Enter anime name for evaluation:  Naruto



--- Recommendation System Performance ---
Target Anime: Naruto
Average Similarity Score: 0.9986
Average Genre Overlap: 1.0
Diversity: 0.0014

Recommended Anime:
Naruto: Shippuuden → similarity: 0.9987
Boruto: Naruto the Movie - Naruto ga Hokage ni Natta Hi → similarity: 0.9987
Boruto: Naruto the Movie → similarity: 0.9986
Naruto x UT → similarity: 0.9986
Naruto: Shippuuden Movie 4 - The Lost Tower → similarity: 0.9986

--- Areas of Improvement ---
 Recommendations may be too similar (low diversity).
 Add more features to improve diversity.


## Interview Questions
### 1. Can you explain the difference between user-based and item-based collaborative filtering?
user-based collaborative filtering recommends items to a user based on the preferences of similar users. It identifies users with similar tastes and suggests items that those users have liked. In contrast, item-based collaborative filtering focuses on the relationships between items themselves. It recommends items that are similar to those the user has already liked, based on the preferences of all users who have interacted with those items.

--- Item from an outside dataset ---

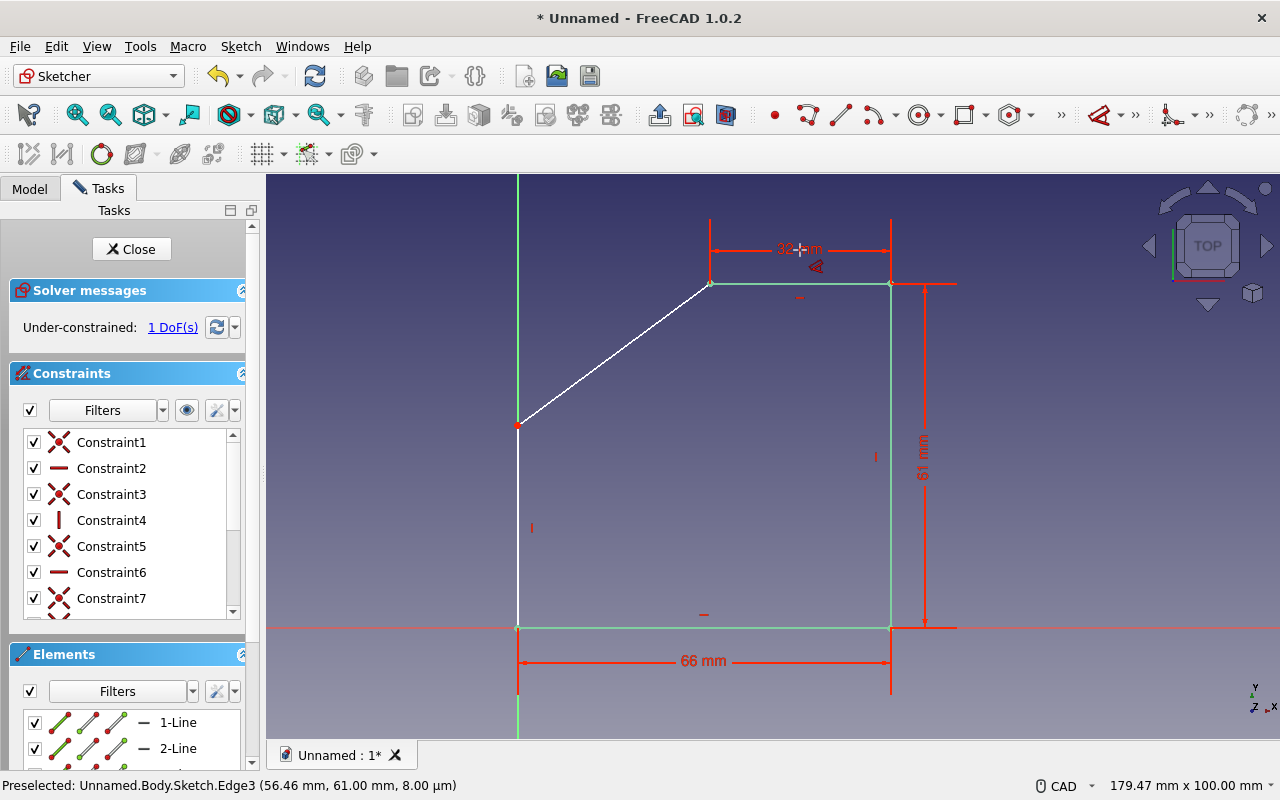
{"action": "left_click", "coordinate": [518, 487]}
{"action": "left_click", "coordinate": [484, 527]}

### 2. What is collaborative filtering, and how does it work?
Collaborative filtering is a recommendation technique that makes predictions about a user's interests by collecting preferences from many users. It works by analyzing patterns in user-item interactions, such as ratings or purchase history, to identify similarities between users or items. Based on these similarities, it recommends items that similar users have liked or items similar to those the user has interacted with.